In the rush to acquire and analyze data, it is easy to overlook the topic of data preparation. If data in our Big Data resources (see ) are not well organized, comprehensive, and fully described, then the resources will have no value. The primary purpose of this book is to explain the principles upon which serious Big Data resources are built. All of the data held in Big Data resources must have a form that supports search, retrieval, and analysis. The analytic methods must be available for review, and the analytic results must be available for validation.
Perhaps the greatest potential benefit of Big Data is the ability to link seemingly disparate disciplines, for the purpose of developing and testing hypotheses that cannot be approached within a single knowledge domain. Methods by which analysts can navigate through different Big Data resources to create new, merged data sets are reviewed.
What exactly is Big Data?
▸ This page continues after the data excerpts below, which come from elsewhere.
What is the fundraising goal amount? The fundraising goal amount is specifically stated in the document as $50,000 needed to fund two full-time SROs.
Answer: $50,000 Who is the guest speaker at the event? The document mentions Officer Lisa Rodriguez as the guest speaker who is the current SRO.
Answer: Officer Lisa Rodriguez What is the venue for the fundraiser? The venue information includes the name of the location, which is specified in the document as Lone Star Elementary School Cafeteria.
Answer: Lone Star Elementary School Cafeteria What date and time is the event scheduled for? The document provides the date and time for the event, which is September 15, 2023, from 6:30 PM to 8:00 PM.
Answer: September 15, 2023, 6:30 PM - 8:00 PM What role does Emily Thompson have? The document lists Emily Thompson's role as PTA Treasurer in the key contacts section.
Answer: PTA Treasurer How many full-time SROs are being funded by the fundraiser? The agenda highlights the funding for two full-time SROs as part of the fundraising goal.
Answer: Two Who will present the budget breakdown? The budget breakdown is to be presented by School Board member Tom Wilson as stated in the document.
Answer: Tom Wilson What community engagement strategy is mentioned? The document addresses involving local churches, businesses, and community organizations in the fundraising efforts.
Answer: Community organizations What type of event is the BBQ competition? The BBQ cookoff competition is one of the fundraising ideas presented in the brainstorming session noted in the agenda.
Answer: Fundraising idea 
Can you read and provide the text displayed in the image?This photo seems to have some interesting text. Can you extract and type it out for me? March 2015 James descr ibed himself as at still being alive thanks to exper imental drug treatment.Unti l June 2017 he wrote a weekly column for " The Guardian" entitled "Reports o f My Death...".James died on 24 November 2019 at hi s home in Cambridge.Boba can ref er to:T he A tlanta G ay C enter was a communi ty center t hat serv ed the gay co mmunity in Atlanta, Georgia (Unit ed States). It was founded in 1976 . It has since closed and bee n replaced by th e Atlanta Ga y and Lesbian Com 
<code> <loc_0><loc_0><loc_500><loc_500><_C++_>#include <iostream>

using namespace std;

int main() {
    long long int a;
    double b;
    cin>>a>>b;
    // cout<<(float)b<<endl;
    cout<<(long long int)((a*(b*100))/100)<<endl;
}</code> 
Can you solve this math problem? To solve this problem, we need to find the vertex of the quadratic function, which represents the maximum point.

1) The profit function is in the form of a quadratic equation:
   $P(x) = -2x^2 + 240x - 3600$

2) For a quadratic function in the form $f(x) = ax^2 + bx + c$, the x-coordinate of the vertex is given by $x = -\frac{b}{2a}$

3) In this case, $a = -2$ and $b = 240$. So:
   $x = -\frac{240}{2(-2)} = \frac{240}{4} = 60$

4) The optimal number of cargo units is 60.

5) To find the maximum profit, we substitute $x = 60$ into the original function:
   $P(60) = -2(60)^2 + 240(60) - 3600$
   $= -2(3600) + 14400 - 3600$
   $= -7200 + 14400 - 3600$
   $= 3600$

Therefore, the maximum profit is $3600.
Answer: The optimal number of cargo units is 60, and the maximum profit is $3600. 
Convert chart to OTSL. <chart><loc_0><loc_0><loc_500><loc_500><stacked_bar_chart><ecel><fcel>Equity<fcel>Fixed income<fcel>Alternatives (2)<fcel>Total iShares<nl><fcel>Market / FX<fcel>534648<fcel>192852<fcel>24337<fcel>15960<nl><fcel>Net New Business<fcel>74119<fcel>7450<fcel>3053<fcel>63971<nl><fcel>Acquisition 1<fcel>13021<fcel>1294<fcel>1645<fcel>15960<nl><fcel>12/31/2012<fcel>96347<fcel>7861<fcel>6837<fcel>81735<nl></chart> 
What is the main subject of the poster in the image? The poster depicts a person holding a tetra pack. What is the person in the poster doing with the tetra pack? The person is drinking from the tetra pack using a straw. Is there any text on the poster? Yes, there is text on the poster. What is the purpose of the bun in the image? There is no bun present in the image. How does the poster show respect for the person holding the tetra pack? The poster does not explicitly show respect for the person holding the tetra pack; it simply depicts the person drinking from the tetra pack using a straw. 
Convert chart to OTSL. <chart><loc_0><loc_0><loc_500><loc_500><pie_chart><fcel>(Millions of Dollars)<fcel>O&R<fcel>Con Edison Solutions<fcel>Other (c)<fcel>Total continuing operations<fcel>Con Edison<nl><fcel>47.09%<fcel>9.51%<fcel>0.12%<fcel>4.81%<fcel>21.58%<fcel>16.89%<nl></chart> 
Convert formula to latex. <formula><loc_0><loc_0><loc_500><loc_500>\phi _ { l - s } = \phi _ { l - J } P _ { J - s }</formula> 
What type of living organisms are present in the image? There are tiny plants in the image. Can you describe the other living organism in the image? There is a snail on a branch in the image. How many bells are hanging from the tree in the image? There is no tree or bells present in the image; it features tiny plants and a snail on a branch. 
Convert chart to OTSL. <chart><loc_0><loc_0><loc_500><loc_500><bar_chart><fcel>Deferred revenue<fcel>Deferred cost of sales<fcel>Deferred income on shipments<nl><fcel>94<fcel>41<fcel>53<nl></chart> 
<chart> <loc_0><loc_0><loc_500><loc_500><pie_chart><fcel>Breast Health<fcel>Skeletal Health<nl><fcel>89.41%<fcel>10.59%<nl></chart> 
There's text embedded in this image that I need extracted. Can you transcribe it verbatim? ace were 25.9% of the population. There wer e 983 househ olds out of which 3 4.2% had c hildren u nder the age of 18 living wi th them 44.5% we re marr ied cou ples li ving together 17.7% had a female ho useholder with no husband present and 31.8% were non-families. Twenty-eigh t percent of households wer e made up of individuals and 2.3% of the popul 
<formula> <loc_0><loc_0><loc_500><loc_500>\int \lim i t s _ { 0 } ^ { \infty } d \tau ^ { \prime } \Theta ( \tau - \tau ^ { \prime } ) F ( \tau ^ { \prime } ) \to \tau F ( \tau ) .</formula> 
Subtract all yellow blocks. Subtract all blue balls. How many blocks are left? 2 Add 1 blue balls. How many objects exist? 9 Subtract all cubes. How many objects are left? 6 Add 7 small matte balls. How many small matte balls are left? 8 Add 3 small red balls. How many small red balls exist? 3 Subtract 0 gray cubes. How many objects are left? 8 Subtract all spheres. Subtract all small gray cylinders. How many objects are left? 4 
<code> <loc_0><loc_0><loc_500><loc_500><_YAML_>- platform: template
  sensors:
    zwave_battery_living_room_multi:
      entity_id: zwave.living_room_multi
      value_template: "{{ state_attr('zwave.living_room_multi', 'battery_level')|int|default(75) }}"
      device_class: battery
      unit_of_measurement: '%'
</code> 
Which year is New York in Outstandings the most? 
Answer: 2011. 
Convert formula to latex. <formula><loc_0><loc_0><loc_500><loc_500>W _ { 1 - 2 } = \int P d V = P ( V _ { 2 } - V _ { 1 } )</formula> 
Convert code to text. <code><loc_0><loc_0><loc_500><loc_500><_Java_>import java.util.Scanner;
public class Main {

Big Data can be characterized by the three Vs: volume (large amounts of data), variety (includes different types of data), and velocity (constantly accumulating new data).2 Those of us who have worked on Big Data projects might suggest throwing a few more Vs into the mix: vision (having a purpose and a plan), verification (ensuring that the data conforms to a set of specifications), and validation (checking that its purpose is fulfilled; see ).